Runbook: SslCertificateExpiresSoon Alert

Alert Details

  • Alert Name: SslCertificateExpiresSoon
  • Expression: (min without (cluster) (probe_ssl_earliest_cert_expiry{job=~".+", nanocosmosGroup=~".+", environment=~".+"}) - time()) / 3600 / 24 <=

Description

This alert is triggered when the SSL certificate for any job within a specific group (nanocosmosGroup) and environment (environment) is about to expire within a specified number of days. This indicates that the SSL certificate needs to be renewed soon to avoid service disruptions.

Possible Causes

  1. SSL certificate is nearing its expiration date.
  2. Misconfiguration of the SSL certificate monitoring.
  3. Delays in the certificate renewal process.

Troubleshooting Steps

1. Check SSL Certificate Expiry Date

Verify the expiry date of the SSL certificate for the target service.

# Example: Check SSL certificate expiry date using OpenSSL
echo | openssl s_client -connect <target_hostname_or_ip>:443 2>/dev/null | openssl x509 -noout -dates

Expected Output:

notBefore=Nov 13 00:00:00 2023 GMT
notAfter=Nov 13 00:00:00 2024 GMT

2. Renew SSL Certificate

If the certificate is nearing its expiry date, renew it using your certificate authority (CA).

# Example: Renew SSL certificate using Certbot (for Let's Encrypt)
sudo certbot renew

Expected Output:

Saving debug log to /var/log/letsencrypt/letsencrypt.log
Cert not yet due for renewal
...

3. Verify SSL Certificate Renewal

After renewing the certificate, verify that the new certificate is in place and has the correct expiry date.

# Example: Verify the new SSL certificate expiry date
echo | openssl s_client -connect <target_hostname_or_ip>:443 2>/dev/null | openssl x509 -noout -dates

Expected Output:

notBefore=Nov 13 00:00:00 2024 GMT
notAfter=Nov 13 00:00:00 2025 GMT

4. Check Probe Configuration

Ensure that the probe is correctly configured to monitor the SSL certificate expiry.

# Example: Check probe configuration
cat /etc/prometheus/prometheus.yml | grep -A 10 'scrape_configs:'

Expected Output:

scrape_configs:
  - job_name: 'probe'
    metrics_path: /probe
    params:
      module: [ssl_earliest_cert_expiry]
    static_configs:
      - targets:
        - <target_hostname_or_ip>
...

5. Review Logs

Check the logs of the probe for any errors or warnings related to SSL certificate monitoring.
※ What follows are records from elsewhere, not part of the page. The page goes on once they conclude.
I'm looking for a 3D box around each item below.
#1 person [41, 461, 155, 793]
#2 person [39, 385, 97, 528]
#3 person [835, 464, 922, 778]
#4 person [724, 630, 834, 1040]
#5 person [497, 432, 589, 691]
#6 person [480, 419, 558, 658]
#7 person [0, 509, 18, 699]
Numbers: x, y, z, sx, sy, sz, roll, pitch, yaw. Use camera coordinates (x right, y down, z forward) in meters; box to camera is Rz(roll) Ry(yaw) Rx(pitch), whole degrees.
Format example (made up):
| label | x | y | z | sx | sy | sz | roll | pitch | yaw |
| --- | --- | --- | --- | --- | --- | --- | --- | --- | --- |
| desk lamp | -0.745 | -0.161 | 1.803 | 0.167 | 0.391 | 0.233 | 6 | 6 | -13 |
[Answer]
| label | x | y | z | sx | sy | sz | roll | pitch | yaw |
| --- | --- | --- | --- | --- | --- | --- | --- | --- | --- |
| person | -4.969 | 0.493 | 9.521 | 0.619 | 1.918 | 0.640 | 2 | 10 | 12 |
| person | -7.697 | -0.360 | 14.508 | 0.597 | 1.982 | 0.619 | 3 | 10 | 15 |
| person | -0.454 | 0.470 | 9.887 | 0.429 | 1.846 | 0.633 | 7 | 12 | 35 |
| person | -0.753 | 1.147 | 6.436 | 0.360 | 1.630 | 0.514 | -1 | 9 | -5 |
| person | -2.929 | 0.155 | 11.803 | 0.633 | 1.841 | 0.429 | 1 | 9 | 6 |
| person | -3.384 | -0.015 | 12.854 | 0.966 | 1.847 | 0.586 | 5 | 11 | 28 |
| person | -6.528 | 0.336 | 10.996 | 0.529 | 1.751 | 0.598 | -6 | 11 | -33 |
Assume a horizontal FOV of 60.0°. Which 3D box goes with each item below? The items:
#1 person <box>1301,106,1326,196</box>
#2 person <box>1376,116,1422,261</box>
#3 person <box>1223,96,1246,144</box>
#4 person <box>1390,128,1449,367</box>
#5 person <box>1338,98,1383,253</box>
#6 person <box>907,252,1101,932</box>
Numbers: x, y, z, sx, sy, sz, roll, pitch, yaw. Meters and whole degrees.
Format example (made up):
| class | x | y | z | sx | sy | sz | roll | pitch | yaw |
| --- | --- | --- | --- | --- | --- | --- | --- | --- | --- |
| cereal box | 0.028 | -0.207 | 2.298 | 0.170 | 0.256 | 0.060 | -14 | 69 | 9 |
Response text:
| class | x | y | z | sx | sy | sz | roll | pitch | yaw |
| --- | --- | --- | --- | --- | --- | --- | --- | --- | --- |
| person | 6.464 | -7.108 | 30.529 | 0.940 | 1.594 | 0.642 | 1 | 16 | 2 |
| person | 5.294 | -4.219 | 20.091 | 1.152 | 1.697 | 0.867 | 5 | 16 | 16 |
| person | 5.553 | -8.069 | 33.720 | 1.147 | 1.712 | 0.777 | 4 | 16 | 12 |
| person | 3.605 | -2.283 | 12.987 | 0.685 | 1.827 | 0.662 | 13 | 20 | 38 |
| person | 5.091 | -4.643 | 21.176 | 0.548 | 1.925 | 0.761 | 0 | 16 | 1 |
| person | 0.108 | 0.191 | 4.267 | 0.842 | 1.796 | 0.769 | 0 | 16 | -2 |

# Example: Review logs of the probe
cat /var/log/prometheus/probe.log | tail -n 50

Expected Output:

<timestamp> <log_level> <log_message>
...

Additional Steps

If the issue persists, consider:

  • Contacting your certificate authority (CA) for assistance with the renewal process.
  • Checking for any automation issues in the certificate renewal process.
  • Contacting the network or system administrator for further investigation.